THE GIRL WHO FELL FROM THE SKY by Simon Mawer
Ordinary people doing extraordinary things. That's one of the things that war does. And we wonder too, if we were placed under such pressures as having our country occupied by an enemy, would we too do find ourselves doing extraordinary things? Almost immediately after France was occupied by Germany in 1940, General De Gaulle, from his base in London, as head of the Free French movement, called on his compatriots in France to resist the German occupation at all costs so as to keep France free and restore the glory of France. Just a month later, the British Government formed the Special Operations Executive, a largely secretive organisation that was to undertake a variety of tasks including espionage, sabotage, and reconnaissance in Europe against Germany and its allies, and to use and aid the local resistance movements to achieve these aims. The SOE depended for its success on recruiting agents who could pass as natives of the countries they were placed into. Dual citizenship, years of living in the subject country, fluency in the language, an affinity with the country were all qualities highly sought after.
France was not the only country that the SOE operated in, but it is the subject of this novel, the latest by Simon Mawer, whose previous novel, 'The Glass Room' was short listed for the 2009 Man Booker Prize. Young Marian Sutro, with her English diplomat father, and her French mother has lived much of her life in Switzerland and also knows Paris very well. Marian works for the WAAF where her intelligence and steady nerves have her working in the Filter Room, a section of the Defence system where aircraft positions are plotted and recorded. She comes to the attention of a SOE recruiter. After having the dangers outlined to her, which are many, she agrees to join the SOE, and so her big adventure begins. She is sent to Scotland to a training facility where she undergoes a most extensive and intensive training course in all aspects of self-preservation, espionage, surveillance, wireless work and essentially survival.
And finally comes her big moment of being parachuted into France to begin her big adventure. To this point the story has trundled along at quite a leisurely unexciting sort of pace - really setting the scene for the second half. We are introduced to her fellow 'students' at the training camp, especially Benoit and Yvette. We are also introduced to her brother Ned who is a physicist and read about a Frenchman, Clement, a slightly older family friend who she had a mad crush on during her teenage years and who is now a nuclear physicist still in occupied Paris.
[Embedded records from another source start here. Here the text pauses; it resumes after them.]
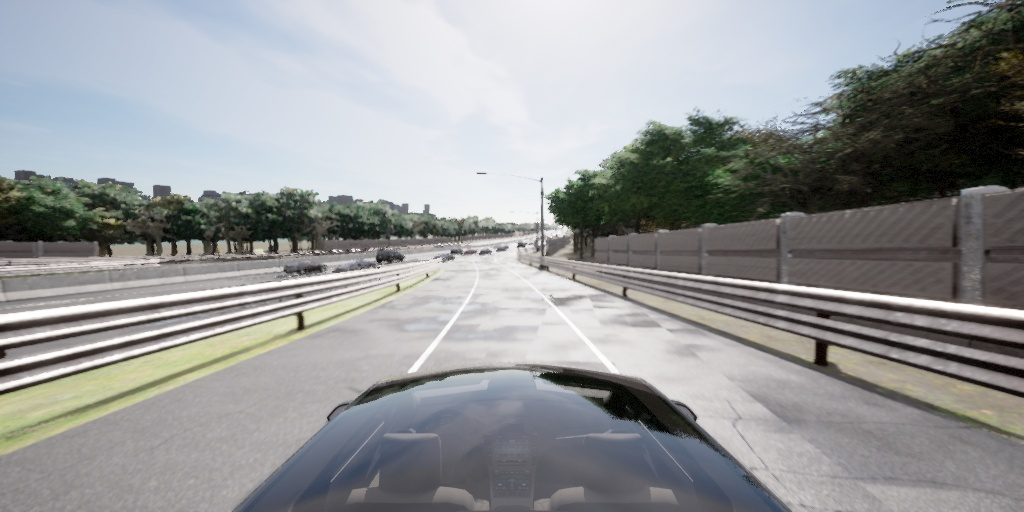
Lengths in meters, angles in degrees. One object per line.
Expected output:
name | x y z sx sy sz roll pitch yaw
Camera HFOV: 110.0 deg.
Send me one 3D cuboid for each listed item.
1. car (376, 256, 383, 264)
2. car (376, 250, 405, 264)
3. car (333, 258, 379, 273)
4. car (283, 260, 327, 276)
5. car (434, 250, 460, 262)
car | -17.857 1.072 42.805 1.994 1.385 4.181 0 3 12
car | -18.742 0.071 55.259 2.150 2.045 5.566 0 3 12
car | -15.777 1.362 35.842 1.812 1.442 4.674 0 3 12
car | -22.289 1.225 38.840 2.128 1.511 4.902 0 3 12
car | -10.888 0.186 58.461 2.033 1.411 5.357 0 3 12
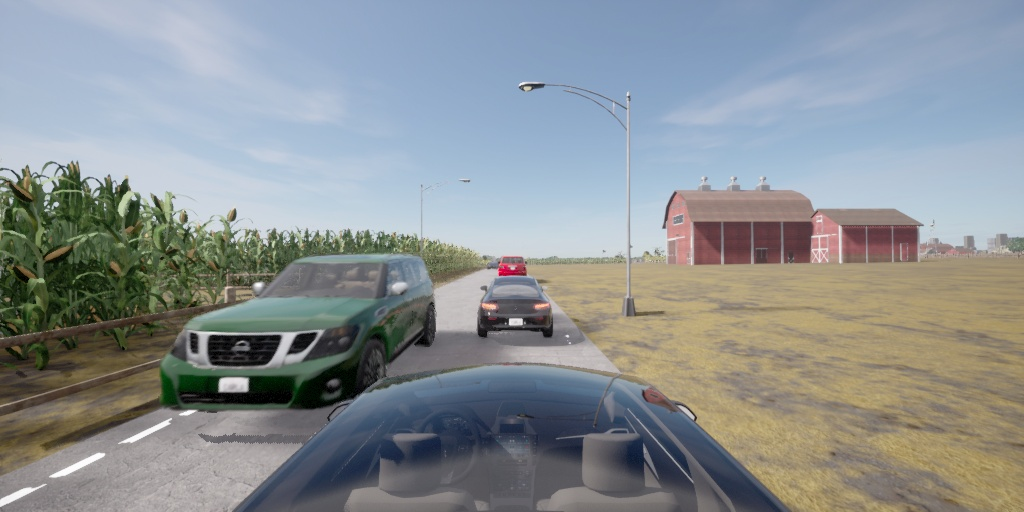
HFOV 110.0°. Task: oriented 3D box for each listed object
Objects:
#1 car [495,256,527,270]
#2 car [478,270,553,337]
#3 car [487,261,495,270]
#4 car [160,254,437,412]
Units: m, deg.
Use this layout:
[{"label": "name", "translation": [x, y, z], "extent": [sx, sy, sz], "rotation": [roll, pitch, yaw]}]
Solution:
[{"label": "car", "translation": [0.045, 0.995, 28.635], "extent": [2.150, 2.045, 5.566], "rotation": [0, 0, 0]}, {"label": "car", "translation": [0.071, 1.280, 10.150], "extent": [1.812, 1.442, 4.674], "rotation": [0, 0, 0]}, {"label": "car", "translation": [-2.873, 1.515, 56.509], "extent": [1.994, 1.385, 4.181], "rotation": [0, -1, 0]}, {"label": "car", "translation": [-2.859, 0.973, 6.442], "extent": [2.150, 2.045, 5.566], "rotation": [0, 0, 0]}]
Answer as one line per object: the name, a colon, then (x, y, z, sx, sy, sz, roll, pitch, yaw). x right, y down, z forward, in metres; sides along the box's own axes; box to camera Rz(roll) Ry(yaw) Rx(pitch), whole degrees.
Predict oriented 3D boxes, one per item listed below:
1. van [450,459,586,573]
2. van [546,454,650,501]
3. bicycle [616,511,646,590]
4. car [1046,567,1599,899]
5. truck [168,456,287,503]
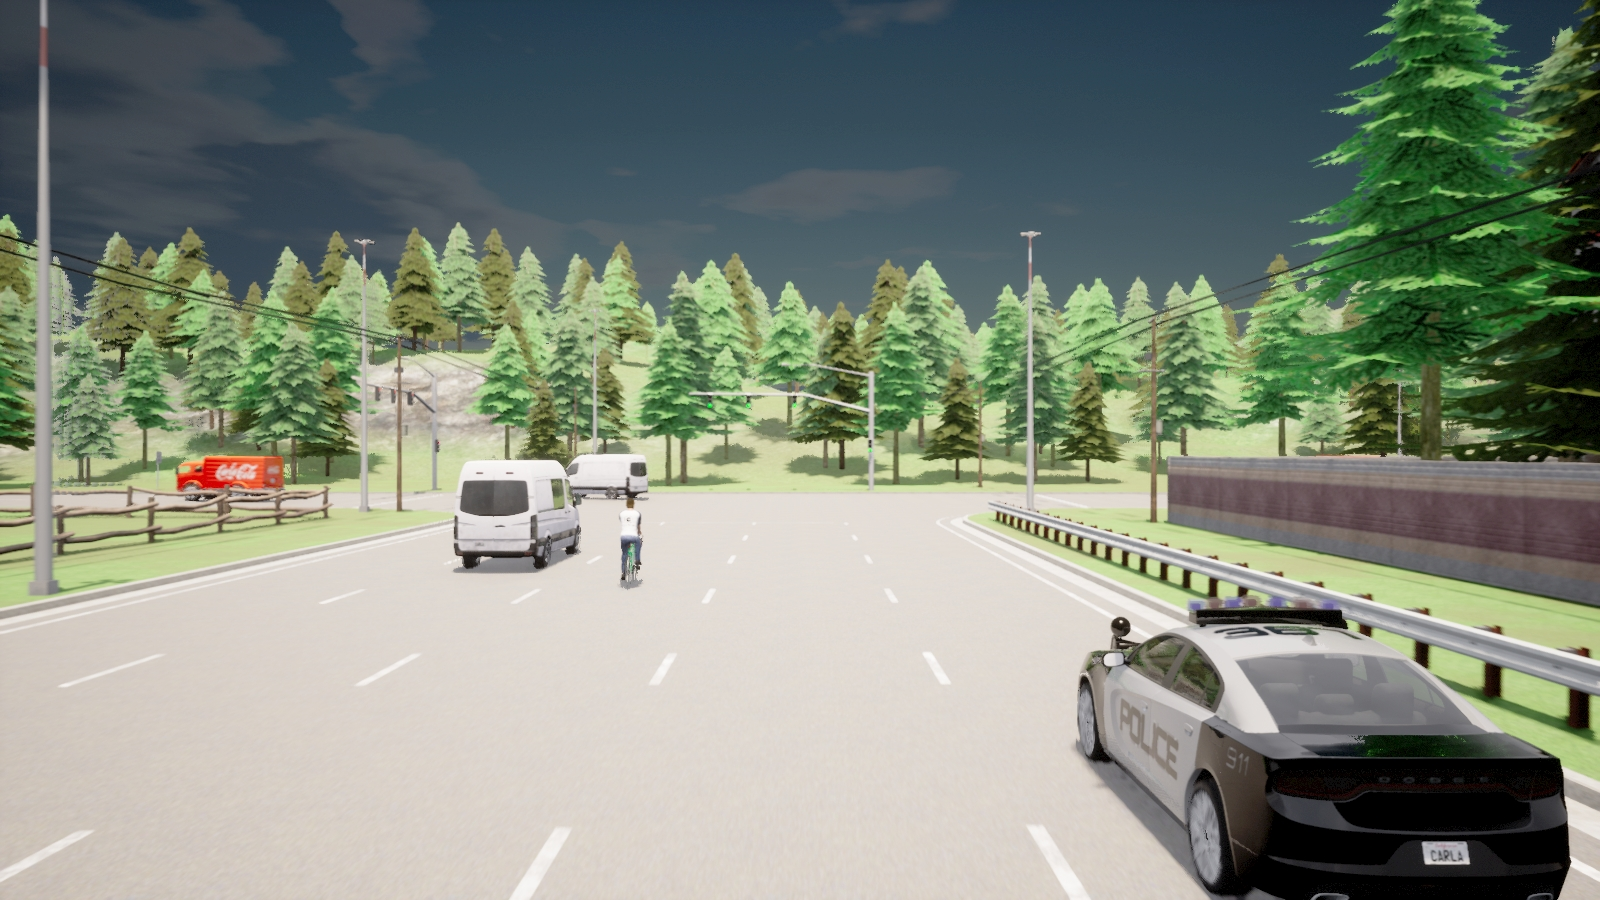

Once Marian, now Alice, and soon to take on a third identity, lands in France, we are immediately plunged into the adrenalin laced, terrifying, stressful, and exhausting life of the partisan/resistance worker. From the countryside of the still unoccupied south west France to German-infested Paris, Marian attempts to do the tasks she has been assigned. Which I won't divulge here! The contrast in the writing style is quite pronounced and the book very quickly becomes a page turner. While very much a tale of good vs evil, it is primarily the story of Marian's growth: from a young, naive, perhaps bit spoilt, bored girl into a highly trained, sophisticated, professional, self aware woman. And never once do you let your guard down.
The stories of women resistance workers have been told many times and in many different forms over the decades. But whether they are true as in the life of Nancy Wake or fictional as in Sebastian Faulkes' 'Charlotte Grey' or William Boyd's 'Restless' they still have the ability to make us wonder how we would behave, leave us in awe and above all humble us. A most worthwhile read.
Review copy supplied by Hachette NZ via NZ Booksellers.